The principal opinion faults the immigration judge for requiring Reyes-Reyes to prove that he was tortured or will be tortured by someone in the government of El Salvador if he is returned. According to the opinion, “the IJ effectively excised the phrase ‘or with the consent or acquiescence of’ from the regulation.” Maj. op. at 787. I do not believe that the IJ misstated the rule, although he could have been more clear at the outset. The IJ‘s oral opinion, as quoted in the principal opinion, states that “an alien must establish that it is more likely than not that he or she would be tortured in the country of removal by someone in the government or acting on behalf of the government if returned to that country.” Maj. op. at 787. In the same paragraph, however, the IJ went on: “Torture must be inflicted by or at the instigation of a public official or someone acting in an official capacity, or it must be inflicted with the consent or acquiescence of a public official, or person acting in an official capacity.” (Emphasis added). That is a complete and correct statement of the law.
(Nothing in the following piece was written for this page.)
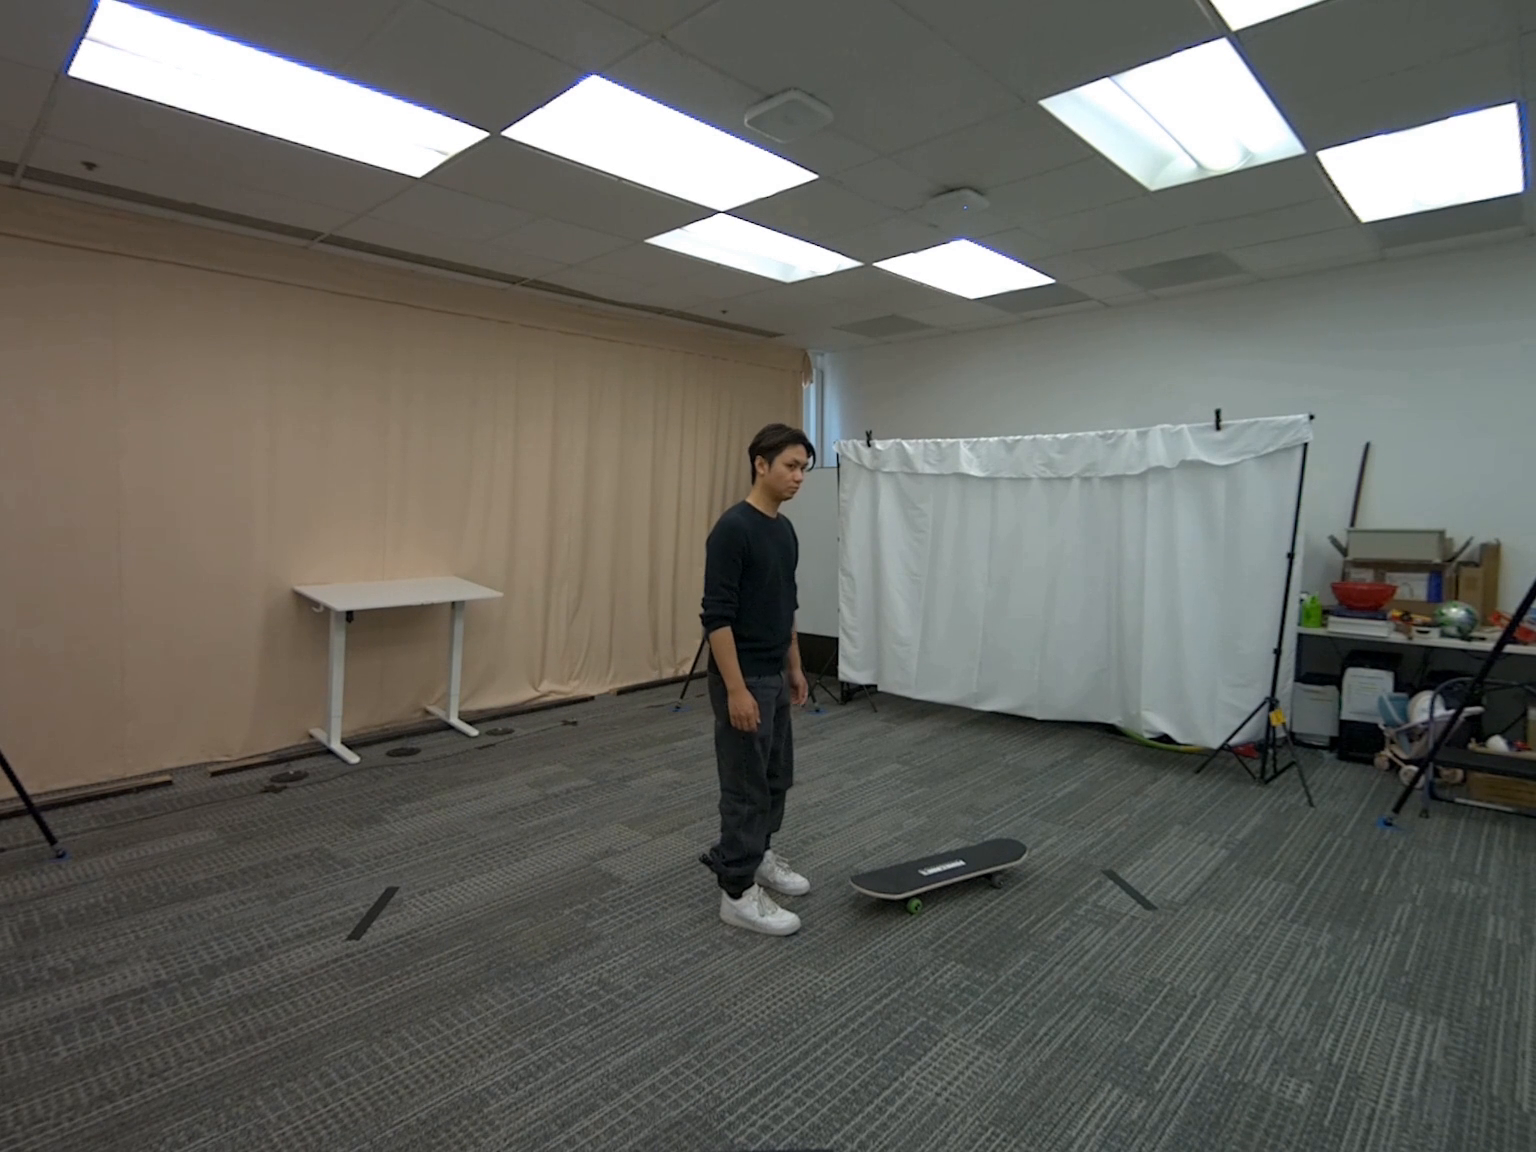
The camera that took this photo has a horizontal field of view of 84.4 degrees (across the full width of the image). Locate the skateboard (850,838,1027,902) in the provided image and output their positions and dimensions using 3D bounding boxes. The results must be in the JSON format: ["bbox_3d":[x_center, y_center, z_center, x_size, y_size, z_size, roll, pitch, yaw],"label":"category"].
[{"bbox_3d":[0.632,1.086,3.026,0.765,0.110,0.199,-2,6,-29],"label":"skateboard"}]

The IJ rejected Reyes-Reyes claims because the IJ found that Reyes-Reyes “never reported [his kidnaping and rape] to anyone.” Because he was only 13 at the time of this horrific incident he “never reported these incidents to his family nor the police ... because of the threat of these street individuals. He felt that he might be hit or something worse would happen to him.” When the IJ “questioned [Reyes-Reyes] and asked [him] if anyone in the government or acting on behalf of the government would want to torture him,” he answered “no” and “testified that the only individuals that would want to harm him are the thieves on the streets.” The IJ concluded that to qualify for withholding of removal, Reyes-Reyes “would have had to [have] reported [the incidents] to an official or to a family member and they would have had to refuse to act upon his outcry.” The IJ found that Reyes-Reyes had failed to meet his burden of proof.
The fault in the record is the IJ‘s failure to address whether any public official might have been “aware[] of such activity and thereafter breach[ed] his or her legal responsibility to intervene to prevent such activity.”